-- Material provided follows --
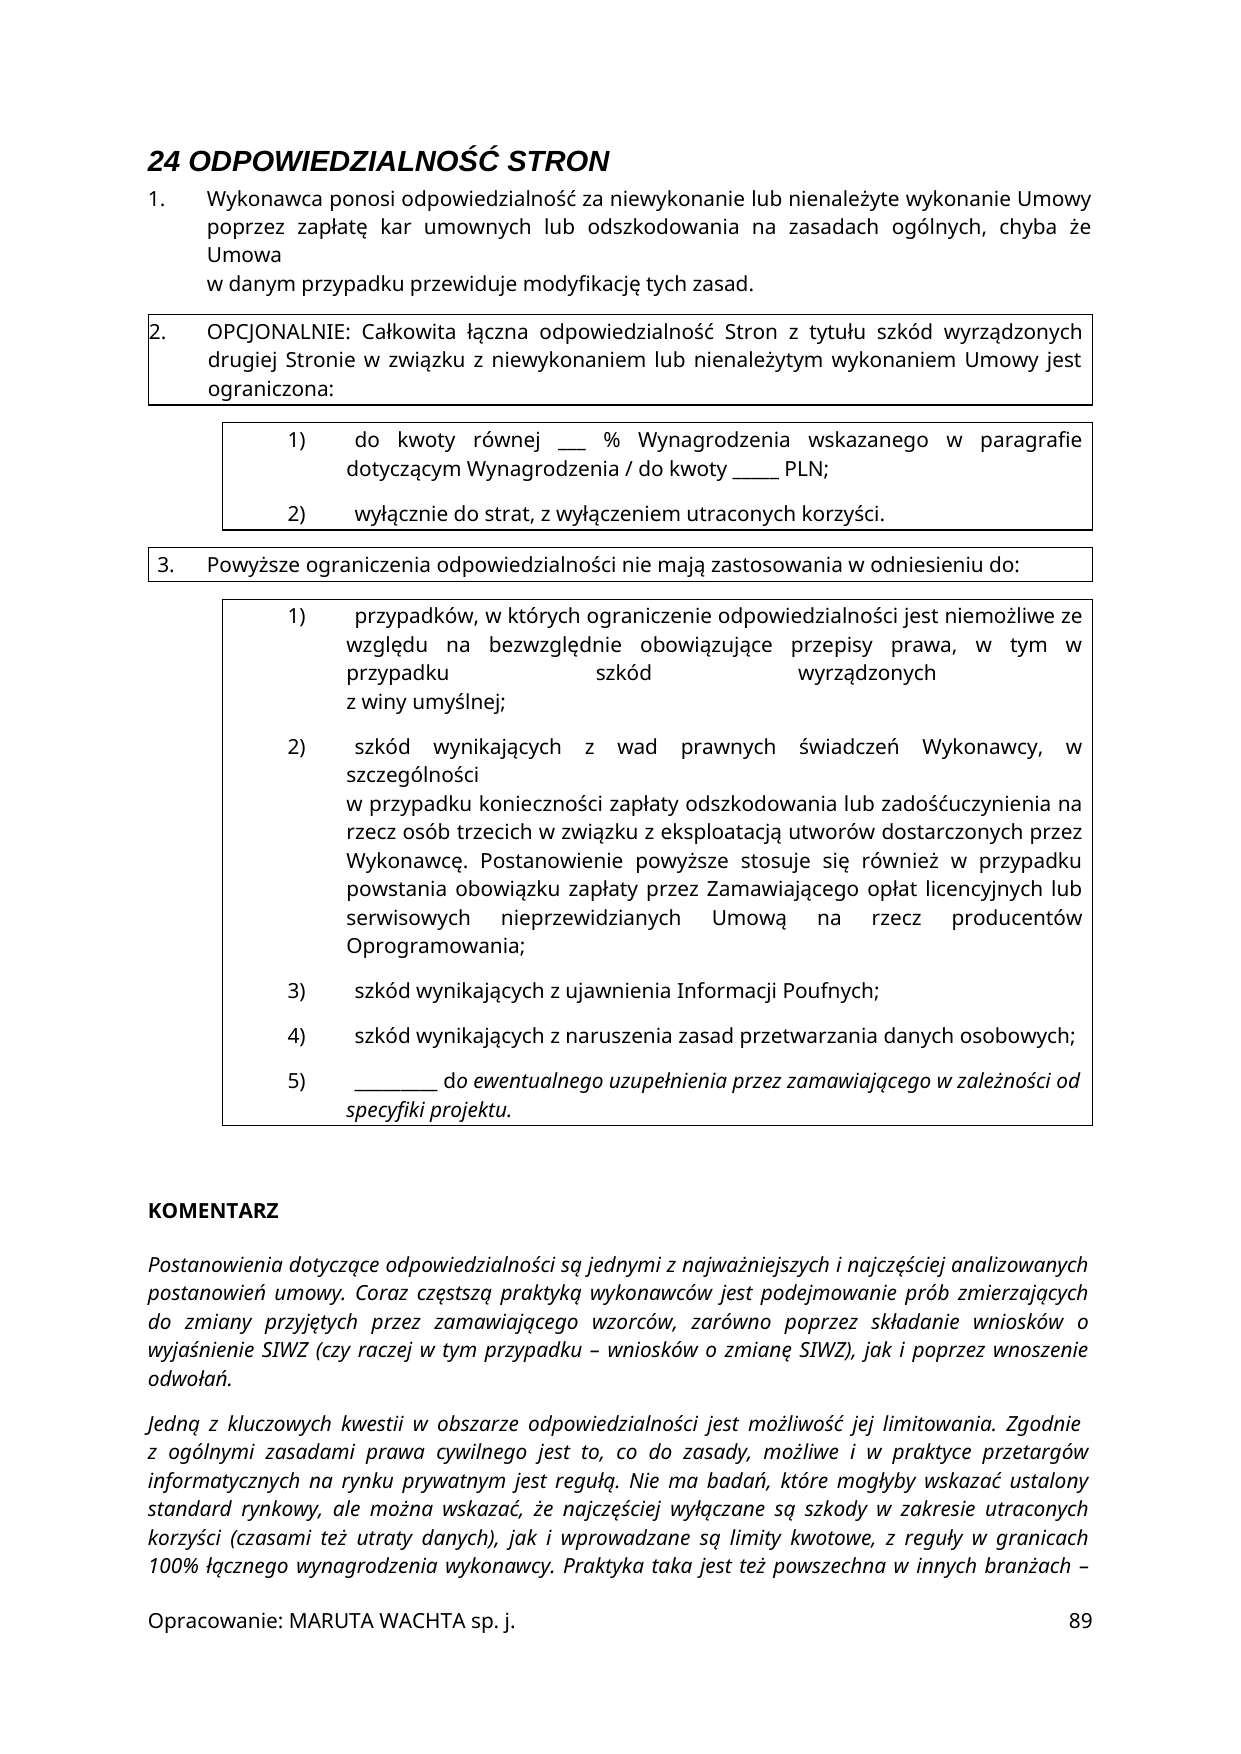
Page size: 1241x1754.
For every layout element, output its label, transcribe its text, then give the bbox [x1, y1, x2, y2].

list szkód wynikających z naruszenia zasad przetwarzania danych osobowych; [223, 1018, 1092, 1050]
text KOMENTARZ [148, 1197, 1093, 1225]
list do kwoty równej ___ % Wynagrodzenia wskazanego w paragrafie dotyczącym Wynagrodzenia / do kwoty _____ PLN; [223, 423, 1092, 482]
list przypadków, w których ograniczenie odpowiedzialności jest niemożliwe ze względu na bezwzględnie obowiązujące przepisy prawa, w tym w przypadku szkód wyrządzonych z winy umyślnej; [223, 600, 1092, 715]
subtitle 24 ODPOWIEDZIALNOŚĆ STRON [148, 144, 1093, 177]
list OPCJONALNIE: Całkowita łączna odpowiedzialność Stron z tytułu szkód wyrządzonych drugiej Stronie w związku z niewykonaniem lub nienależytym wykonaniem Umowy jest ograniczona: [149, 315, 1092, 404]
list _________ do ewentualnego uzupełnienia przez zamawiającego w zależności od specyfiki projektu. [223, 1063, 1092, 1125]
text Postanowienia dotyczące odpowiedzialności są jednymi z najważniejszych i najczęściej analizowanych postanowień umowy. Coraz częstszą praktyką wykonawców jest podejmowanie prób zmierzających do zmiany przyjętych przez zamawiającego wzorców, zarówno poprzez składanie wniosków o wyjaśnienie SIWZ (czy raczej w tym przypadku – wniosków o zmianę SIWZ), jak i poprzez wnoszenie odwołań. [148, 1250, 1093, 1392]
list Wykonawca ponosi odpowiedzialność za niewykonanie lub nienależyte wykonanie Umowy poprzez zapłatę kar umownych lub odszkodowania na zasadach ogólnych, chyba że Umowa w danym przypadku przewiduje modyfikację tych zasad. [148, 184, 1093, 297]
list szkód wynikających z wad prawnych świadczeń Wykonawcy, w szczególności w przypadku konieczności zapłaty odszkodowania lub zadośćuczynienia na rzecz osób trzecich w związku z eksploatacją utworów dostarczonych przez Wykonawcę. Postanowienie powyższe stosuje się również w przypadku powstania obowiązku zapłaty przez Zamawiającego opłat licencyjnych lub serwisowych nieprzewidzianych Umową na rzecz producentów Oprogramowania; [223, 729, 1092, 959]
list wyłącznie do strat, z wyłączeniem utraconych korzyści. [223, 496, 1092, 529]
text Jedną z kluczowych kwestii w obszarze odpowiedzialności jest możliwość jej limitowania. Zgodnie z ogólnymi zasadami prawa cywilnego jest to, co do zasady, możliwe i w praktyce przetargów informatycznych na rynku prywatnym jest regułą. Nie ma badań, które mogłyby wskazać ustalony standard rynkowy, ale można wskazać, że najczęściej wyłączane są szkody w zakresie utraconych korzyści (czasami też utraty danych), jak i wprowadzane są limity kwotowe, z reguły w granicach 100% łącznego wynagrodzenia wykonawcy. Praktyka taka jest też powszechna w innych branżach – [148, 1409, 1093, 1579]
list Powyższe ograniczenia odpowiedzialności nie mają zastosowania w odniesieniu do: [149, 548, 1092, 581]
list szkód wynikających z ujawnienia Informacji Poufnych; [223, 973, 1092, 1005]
-- Material provided concluded --
-- Material provided follows --
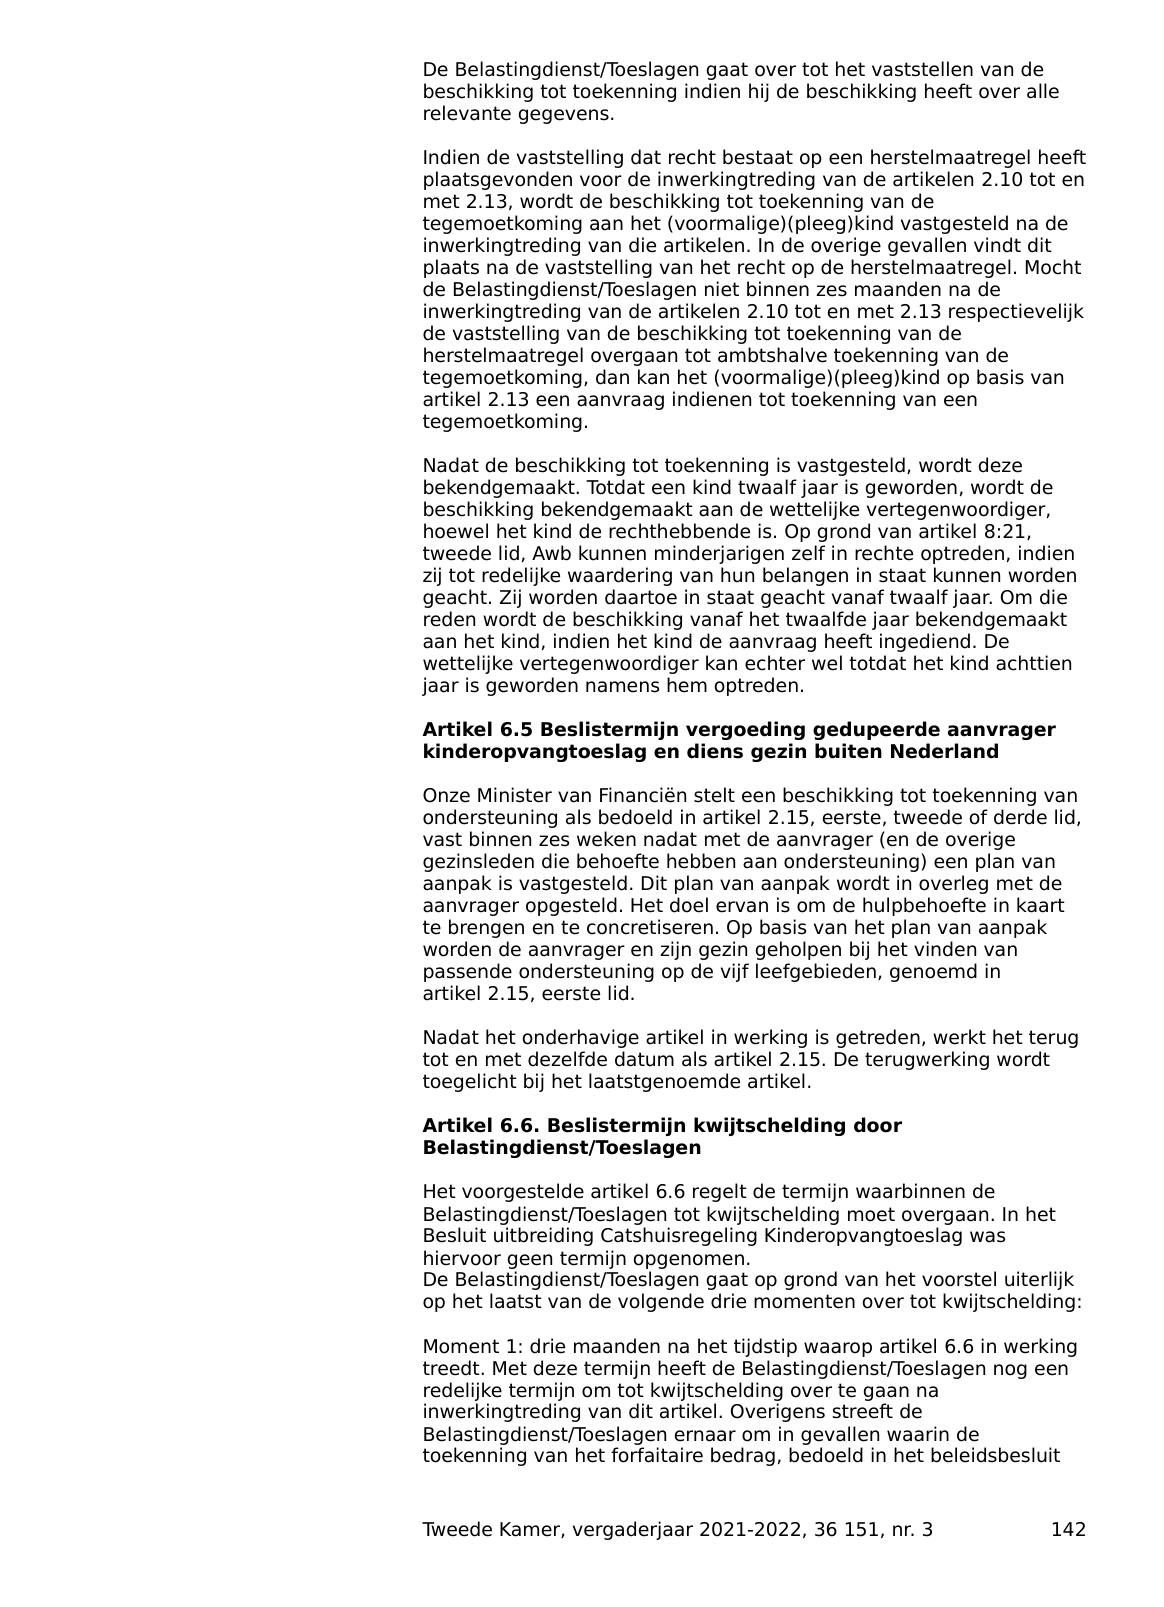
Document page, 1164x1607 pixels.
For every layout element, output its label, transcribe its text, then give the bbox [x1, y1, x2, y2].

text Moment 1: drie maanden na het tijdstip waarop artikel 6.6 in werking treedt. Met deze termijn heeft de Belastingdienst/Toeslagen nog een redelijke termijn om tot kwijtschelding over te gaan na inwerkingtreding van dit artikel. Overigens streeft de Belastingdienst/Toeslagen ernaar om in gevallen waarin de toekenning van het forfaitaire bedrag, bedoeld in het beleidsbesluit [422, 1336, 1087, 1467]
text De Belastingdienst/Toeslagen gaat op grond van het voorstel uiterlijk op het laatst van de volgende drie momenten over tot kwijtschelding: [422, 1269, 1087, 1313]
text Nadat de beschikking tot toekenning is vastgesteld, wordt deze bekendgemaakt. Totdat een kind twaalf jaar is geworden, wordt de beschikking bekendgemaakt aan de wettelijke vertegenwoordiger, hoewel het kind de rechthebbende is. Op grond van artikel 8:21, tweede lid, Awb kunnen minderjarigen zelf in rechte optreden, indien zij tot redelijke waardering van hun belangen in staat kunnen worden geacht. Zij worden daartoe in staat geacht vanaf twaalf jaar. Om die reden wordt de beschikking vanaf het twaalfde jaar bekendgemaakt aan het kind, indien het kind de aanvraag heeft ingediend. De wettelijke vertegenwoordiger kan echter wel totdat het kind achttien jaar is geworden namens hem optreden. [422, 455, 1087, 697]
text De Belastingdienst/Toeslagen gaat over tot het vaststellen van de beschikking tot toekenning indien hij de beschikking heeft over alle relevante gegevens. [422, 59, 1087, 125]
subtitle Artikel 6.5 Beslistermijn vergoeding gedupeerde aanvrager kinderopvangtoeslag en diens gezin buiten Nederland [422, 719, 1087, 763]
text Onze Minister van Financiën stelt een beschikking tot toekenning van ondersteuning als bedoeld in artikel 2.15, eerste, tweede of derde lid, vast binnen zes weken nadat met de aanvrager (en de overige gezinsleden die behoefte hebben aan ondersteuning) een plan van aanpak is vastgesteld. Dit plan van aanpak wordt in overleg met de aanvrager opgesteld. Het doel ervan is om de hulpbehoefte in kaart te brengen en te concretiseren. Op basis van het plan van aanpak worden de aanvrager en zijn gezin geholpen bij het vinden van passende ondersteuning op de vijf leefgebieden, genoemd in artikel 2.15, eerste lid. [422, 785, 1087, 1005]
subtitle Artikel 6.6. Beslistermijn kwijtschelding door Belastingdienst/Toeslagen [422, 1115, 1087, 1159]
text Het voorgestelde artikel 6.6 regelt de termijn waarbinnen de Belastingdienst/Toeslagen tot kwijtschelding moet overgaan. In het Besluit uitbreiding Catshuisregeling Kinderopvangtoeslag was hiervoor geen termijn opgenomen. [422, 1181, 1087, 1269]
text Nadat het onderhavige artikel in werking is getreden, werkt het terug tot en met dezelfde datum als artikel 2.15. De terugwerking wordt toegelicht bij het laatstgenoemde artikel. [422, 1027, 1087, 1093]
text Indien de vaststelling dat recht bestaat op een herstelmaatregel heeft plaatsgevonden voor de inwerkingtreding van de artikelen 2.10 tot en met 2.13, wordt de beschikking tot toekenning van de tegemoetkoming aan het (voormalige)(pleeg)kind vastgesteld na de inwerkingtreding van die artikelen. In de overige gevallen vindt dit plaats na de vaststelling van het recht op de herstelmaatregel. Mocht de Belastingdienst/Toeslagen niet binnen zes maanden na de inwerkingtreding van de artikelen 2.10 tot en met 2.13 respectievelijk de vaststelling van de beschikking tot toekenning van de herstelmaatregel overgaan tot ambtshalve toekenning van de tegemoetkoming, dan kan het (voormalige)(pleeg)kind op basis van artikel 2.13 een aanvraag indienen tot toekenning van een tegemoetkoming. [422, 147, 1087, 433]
-- Material provided concluded --
Your task is to restate, word for word, only those lines above that fall between the line holding "text De Belastingdienst/Toeslagen gaat over" and the line holding "subtitle Artikel 6.5", inclusive.

### Output below
text De Belastingdienst/Toeslagen gaat over tot het vaststellen van de beschikking tot toekenning indien hij de beschikking heeft over alle relevante gegevens. [422, 59, 1087, 125]
subtitle Artikel 6.5 Beslistermijn vergoeding gedupeerde aanvrager kinderopvangtoeslag en diens gezin buiten Nederland [422, 719, 1087, 763]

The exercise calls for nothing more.